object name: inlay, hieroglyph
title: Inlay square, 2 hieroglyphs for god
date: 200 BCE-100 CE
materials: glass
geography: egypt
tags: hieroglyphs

....

EXERCISE INSTRUCTIONS: Repeat every line of the records, exactly as given.

WRITTEN ANSWER:
object name: inlay, hieroglyph
title: Inlay square, 2 hieroglyphs for god
date: 200 BCE-100 CE
materials: glass
geography: egypt
tags: hieroglyphs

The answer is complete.